The mammalian inner ear uses sensory cells (the hair cells) for mechanoelectric transduction of vestibular and auditory stimuli and conducts this information to the brain via sensory neurons. In mammals, lost hair cells and sensory neurons are not spontaneously replaced and result in irreversible deafness, which is one of the most widespread and poorly understood disabilities in the world. It is currently unknown why the mammalian cochlea, which retains supporting cells, cannot replace lost hair cells. We have shown reported that Eya1 and Six1 form a transcriptional complex and interact with Sox2 to activate specific developmental program controlling hair cell fate induction. Misexpression of Eya1/Six1 with low dose of Sox2 is able to convert cochlear nonsensory cells to hair cells (Developmental Cell, 2012). In contrast, misexpression of Eya1/Six1 with the SWI/SNF chromatin regulators can induce transdifferentiation of cochlear nonneurosensory cells or mouse fibroblast cells to spiral ganglion neurons (Development, 2012).
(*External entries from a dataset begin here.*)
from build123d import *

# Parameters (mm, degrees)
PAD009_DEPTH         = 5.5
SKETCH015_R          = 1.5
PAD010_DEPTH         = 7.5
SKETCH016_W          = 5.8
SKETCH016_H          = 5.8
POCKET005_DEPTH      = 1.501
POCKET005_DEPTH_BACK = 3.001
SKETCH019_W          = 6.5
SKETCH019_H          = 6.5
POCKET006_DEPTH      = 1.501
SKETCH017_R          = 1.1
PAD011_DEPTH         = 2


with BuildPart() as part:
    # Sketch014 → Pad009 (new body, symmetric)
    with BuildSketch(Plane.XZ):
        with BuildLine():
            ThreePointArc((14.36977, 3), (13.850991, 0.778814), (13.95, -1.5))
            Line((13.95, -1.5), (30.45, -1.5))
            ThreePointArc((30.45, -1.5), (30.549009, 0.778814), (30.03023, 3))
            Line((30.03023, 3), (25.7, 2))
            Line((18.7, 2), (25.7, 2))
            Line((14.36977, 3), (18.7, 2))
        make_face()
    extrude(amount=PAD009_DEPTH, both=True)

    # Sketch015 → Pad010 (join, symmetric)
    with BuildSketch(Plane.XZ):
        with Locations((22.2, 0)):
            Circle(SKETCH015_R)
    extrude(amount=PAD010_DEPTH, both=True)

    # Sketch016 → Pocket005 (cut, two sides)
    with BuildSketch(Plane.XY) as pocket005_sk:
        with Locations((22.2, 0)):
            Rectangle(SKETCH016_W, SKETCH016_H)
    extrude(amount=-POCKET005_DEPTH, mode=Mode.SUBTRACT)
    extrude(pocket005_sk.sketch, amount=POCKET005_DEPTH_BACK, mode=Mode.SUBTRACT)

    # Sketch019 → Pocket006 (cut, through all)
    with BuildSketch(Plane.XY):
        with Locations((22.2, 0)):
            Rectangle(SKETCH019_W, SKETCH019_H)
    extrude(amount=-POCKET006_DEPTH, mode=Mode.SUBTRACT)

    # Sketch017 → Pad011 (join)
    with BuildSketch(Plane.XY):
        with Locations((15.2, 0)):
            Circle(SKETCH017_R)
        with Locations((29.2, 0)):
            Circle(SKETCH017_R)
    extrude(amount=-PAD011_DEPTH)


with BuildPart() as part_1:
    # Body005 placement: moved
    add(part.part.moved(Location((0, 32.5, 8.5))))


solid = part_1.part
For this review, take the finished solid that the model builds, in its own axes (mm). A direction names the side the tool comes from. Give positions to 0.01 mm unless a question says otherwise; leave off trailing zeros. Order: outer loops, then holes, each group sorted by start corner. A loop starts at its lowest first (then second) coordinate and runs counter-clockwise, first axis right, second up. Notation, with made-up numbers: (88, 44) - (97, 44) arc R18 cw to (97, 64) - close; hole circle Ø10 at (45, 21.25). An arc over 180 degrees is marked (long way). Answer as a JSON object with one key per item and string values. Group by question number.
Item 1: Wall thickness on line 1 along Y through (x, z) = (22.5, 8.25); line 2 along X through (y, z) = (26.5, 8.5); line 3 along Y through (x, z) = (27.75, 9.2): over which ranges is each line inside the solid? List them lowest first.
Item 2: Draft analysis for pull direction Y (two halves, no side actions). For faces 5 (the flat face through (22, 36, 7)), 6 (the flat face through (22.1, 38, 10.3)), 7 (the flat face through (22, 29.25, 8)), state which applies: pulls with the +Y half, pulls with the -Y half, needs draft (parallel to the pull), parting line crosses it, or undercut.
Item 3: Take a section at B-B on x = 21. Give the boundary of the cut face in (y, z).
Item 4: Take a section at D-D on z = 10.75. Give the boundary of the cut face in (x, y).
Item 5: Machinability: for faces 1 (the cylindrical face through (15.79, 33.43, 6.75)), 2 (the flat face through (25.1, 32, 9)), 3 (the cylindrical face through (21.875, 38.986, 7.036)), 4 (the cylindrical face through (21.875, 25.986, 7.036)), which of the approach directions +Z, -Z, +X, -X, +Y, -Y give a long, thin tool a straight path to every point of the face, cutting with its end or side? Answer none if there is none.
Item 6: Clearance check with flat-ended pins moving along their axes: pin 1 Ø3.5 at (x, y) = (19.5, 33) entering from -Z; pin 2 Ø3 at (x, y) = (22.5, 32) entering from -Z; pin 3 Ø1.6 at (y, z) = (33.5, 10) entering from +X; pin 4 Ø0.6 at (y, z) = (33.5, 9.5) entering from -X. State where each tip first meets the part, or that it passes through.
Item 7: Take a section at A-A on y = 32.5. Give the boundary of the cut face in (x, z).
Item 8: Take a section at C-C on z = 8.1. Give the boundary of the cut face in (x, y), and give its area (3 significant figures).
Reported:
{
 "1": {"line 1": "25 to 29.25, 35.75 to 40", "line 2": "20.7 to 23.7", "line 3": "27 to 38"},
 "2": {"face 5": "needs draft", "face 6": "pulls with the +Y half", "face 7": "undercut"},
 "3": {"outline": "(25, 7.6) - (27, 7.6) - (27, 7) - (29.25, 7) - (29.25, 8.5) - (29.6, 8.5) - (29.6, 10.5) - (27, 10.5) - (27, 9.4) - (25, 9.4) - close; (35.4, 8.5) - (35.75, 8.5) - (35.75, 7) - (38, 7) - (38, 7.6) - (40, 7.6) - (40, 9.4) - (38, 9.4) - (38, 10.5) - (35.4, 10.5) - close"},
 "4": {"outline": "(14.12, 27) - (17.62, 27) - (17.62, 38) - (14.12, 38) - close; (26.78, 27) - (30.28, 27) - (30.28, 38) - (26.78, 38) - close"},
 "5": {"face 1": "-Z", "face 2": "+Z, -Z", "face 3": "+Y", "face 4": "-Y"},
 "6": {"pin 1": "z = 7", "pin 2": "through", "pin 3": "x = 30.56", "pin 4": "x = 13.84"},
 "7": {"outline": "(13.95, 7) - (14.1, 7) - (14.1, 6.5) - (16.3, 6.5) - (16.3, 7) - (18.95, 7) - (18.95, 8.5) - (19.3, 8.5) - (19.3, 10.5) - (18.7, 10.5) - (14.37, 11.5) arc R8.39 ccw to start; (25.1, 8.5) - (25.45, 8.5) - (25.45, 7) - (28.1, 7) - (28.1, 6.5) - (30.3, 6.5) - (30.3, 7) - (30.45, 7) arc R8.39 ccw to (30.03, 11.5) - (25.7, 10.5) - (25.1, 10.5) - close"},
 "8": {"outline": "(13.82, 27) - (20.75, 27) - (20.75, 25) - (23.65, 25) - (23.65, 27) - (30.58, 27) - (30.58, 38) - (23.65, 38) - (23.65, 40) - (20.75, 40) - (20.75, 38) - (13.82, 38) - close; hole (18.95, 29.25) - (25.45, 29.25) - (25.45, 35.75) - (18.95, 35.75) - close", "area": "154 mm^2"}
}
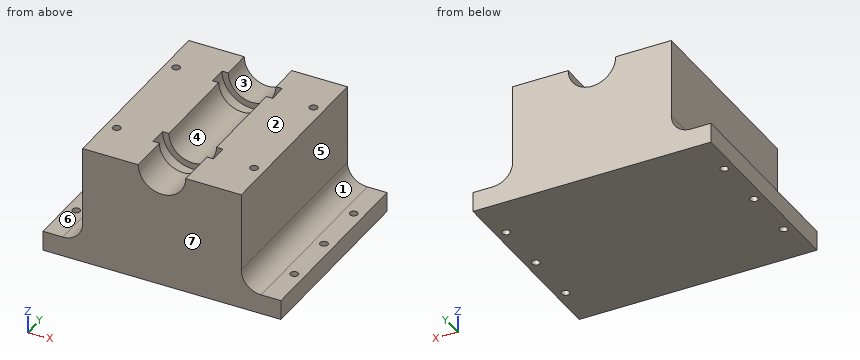
from build123d import *

# Parameters (mm, degrees)
F0_W      = 60
F0_H      = 50
F1_DEPTH  = 30
F3_R      = 6
F4_DEPTH  = 90
F6_R      = 7.6
F7_DEPTH  = 4.5
F8_START  = -28
F8_DEPTH  = 4.5
F10_R     = 1
F11_DEPTH = 25
F12_R     = 1
F13_DEPTH = 5


with BuildPart() as f1:
    # F0 (on Top) → F1 (new body)
    with BuildSketch(Plane.XY):
        with Locations((-8.3905272186, 29.4691909945)):
            Rectangle(F0_W, F0_H)
    extrude(amount=F1_DEPTH)

    # F3 (on face) → F4 (cut)
    with BuildSketch(Plane.XZ.offset(-4.4691909945)):
        with Locations((-8.3905272186, 30)):
            Circle(F3_R)
        with BuildLine():
            Line((-28.3905272186, 10), (-28.3905272186, 30))
            Line((-28.3905272186, 30), (-38.3905272186, 30))
            Line((-38.3905272186, 30), (-38.3905272186, 5))
            Line((-38.3905272186, 5), (-33.3905272186, 5))
            ThreePointArc((-33.3905272186, 5), (-29.8549933126, 6.4644660941), (-28.3905272186, 10))
        make_face()
        with BuildLine():
            Line((21.6094727814, 5), (21.6094727814, 30))
            Line((21.6094727814, 30), (11.6094727814, 30))
            Line((11.6094727814, 30), (11.6094727814, 10))
            ThreePointArc((11.6094727814, 10), (13.0739388755, 6.4644660941), (16.6094727814, 5))
            Line((16.6094727814, 5), (21.6094727814, 5))
        make_face()
    extrude(amount=-F4_DEPTH, mode=Mode.SUBTRACT)

    # F6 (on offset) → F7 (cut)
    with BuildSketch(Plane.XZ.offset(-14.4691909945)):
        with Locations((-8.3905272186, 30)):
            Circle(F6_R)
    extrude(amount=-F7_DEPTH, mode=Mode.SUBTRACT)

    # F6 (on offset) → F8 (cut)
    with BuildSketch(Plane.XZ.offset(-14.4691909945).offset(F8_START)):
        with Locations((-8.3905272186, 30)):
            Circle(F6_R)
    extrude(amount=-F8_DEPTH, mode=Mode.SUBTRACT)

    # F10 (on face) → F11 (cut)
    with BuildSketch(Plane.XY.offset(5)):
        with Locations((19.1094727814, 15.4691909945)):
            Circle(F10_R)
        with Locations((19.1094727814, 43.4691909945)):
            Circle(F10_R)
        with Locations((19.1094727814, 29.4691909945)):
            Circle(F10_R)
        with Locations((-35.8905272186, 15.4691909945)):
            Circle(F10_R)
        with Locations((-35.8905272186, 29.4691909945)):
            Circle(F10_R)
        with Locations((-35.8905272186, 43.4691909945)):
            Circle(F10_R)
    extrude(amount=-F11_DEPTH, mode=Mode.SUBTRACT)

    # F12 (on face) → F13 (cut)
    with BuildSketch(Plane.XY.offset(30)):
        with Locations((8.9574727814, 43.4691909945)):
            Circle(F12_R)
        with Locations((8.9574727814, 15.4691909945)):
            Circle(F12_R)
        with Locations((-25.6856481384, 15.4691909945)):
            Circle(F12_R)
        with Locations((-25.6856481384, 43.4691909945)):
            Circle(F12_R)
    extrude(amount=-F13_DEPTH, mode=Mode.SUBTRACT)


solid = f1.part
Geometry: final body of the model. Coordinates: model frame, mm. Face numbers are marked on the shaded views. A direction names the side the tool comes from. Round coordinates to 2 decimals unless told otherwise and drop trailing zeros. Loops run counter-clockwise (first coordinate to the right, second up) from the corner with the lowest first, then second, coordinate; pieces in that order, holes last. Notation, with made-up numbers: (-36.5, 61.25) - (-4.5, 61.25) arc R18 cw to (-4.5, 81.25) - close; hole circle Ø9 at (-23, -7). An arc over 180 degrees is marked (long way). Write each question's results on one line, items separated by ' | '. Start each with the question number.
1) Cut plane D-D on z = 12. Return loops of the section in (x, y).
2) Mould query, pull axis X, two halves, no side actions, for the marked faces 1, 2, 3 and 4. Classes: released by +X, released by -X, zero draft, split by the parting line, or undercut.
3) Line query: probe 1 along X at (y, z) = (48, 14); probe 2 along Z at (x, y) = (-11, 8); probe 3 along Z at (x, y) = (17.5, 34). Output: solid intervals per line, ascending. Write a range as [from, to].
4) Cut plane C-C on x = -12. Return loops of the section in (y, z), then the cut area to 3 significant figures.
5) First-contact query: P1, Ø0.6, axis at x = 9.5, y = 43.5, coming from the +Z side; P2, Ø3, axis at y = 40, z = 12, coming from the -X side; P3, Ø2.5, axis at x = 19, y = 19, coming from the +Z side. Flat tips, straight axial feed; report the tip coordinate or a pass-through.
6) Access query for the marked faces 5, 6 and 7. Directions: +Z, -Z, +X, -X, +Y, -Y. A direction counts if a zero-diameter tool reaches every point of the face in a straight line with its end or side. Return the directions, or none.
7) Cut plane B-B on y = 13.5. Return loops of the section in (x, z).
8) Cut plane A-A on z = 26.25. Return loops of the section in (x, y).
Verdict:
1) outline: (-28.39, 4.47) - (11.61, 4.47) - (11.61, 54.47) - (-28.39, 54.47) - close
2) face 1: released by +X | face 2: zero draft | face 3: undercut | face 4: undercut
3) probe 1: x = [-28.39, 11.61] | probe 2: z = [0, 24.6] | probe 3: z = [0, 5]
4) outline: (4.47, 0) - (54.47, 0) - (54.47, 25.21) - (46.97, 25.21) - (46.97, 23.31) - (42.47, 23.31) - (42.47, 25.21) - (18.97, 25.21) - (18.97, 23.31) - (14.47, 23.31) - (14.47, 25.21) - (4.47, 25.21) - close | area: 1,240 mm2
5) P1: stops at z = 25 | P2: stops at x = -28.39 | P3: stops at z = 5
6) face 5: +Z, +X, +Y, -Y | face 6: +Z, -X, +Y, -Y | face 7: +Z, -Z, +X, -X, -Y
7) outline: (-38.39, 0) - (21.61, 0) - (21.61, 5) - (16.61, 5) arc R5 cw to (11.61, 10) - (11.61, 30) - (-2.39, 30) arc R6 cw to (-14.39, 30) - (-28.39, 30) - (-28.39, 10) arc R5 cw to (-33.39, 5) - (-38.39, 5) - close
8) outline: (-28.39, 4.47) - (-13.07, 4.47) - (-13.07, 14.47) - (-15, 14.47) - (-15, 18.97) - (-13.07, 18.97) - (-13.07, 42.47) - (-15, 42.47) - (-15, 46.97) - (-13.07, 46.97) - (-13.07, 54.47) - (-28.39, 54.47) - close; (-3.71, 4.47) - (11.61, 4.47) - (11.61, 54.47) - (-3.71, 54.47) - (-3.71, 46.97) - (-1.78, 46.97) - (-1.78, 42.47) - (-3.71, 42.47) - (-3.71, 18.97) - (-1.78, 18.97) - (-1.78, 14.47) - (-3.71, 14.47) - close; hole circle Ø2 at (-25.69, 15.47); hole circle Ø2 at (-25.69, 43.47); hole circle Ø2 at (8.96, 15.47); hole circle Ø2 at (8.96, 43.47)

Given the desperate need for auditory repair strategies, these results stimulate further research into the development of new therapeutic strategies for auditory regeneration and repair.

  • With funding from NYStem, we are currently exploring whether misexpression of the neurosensory cell-specific factors Eya1/Six1 in combination with different cofactors and chromatin regulators in damaged cochlea is sufficient to induce nonsensory cells to regenerate functional hair cells or neurons and whether fibroblast-derived neuronal cells converted by these factors are functional for neuronal repair in animal models.
  • Chromatin remodelers are a group of epigenetic regulators that disrupt DNA-protein contacts and facilitate recruitment of essential factors required for transcription to regulate gene expression. With funding from NIH/NIDCD, we are characterizing how chromatin remodeling-protein and its interaction with Eya1 and its cofactors to regulate inner ear neurogenesis and sensory hair cell differentiation and maintenance.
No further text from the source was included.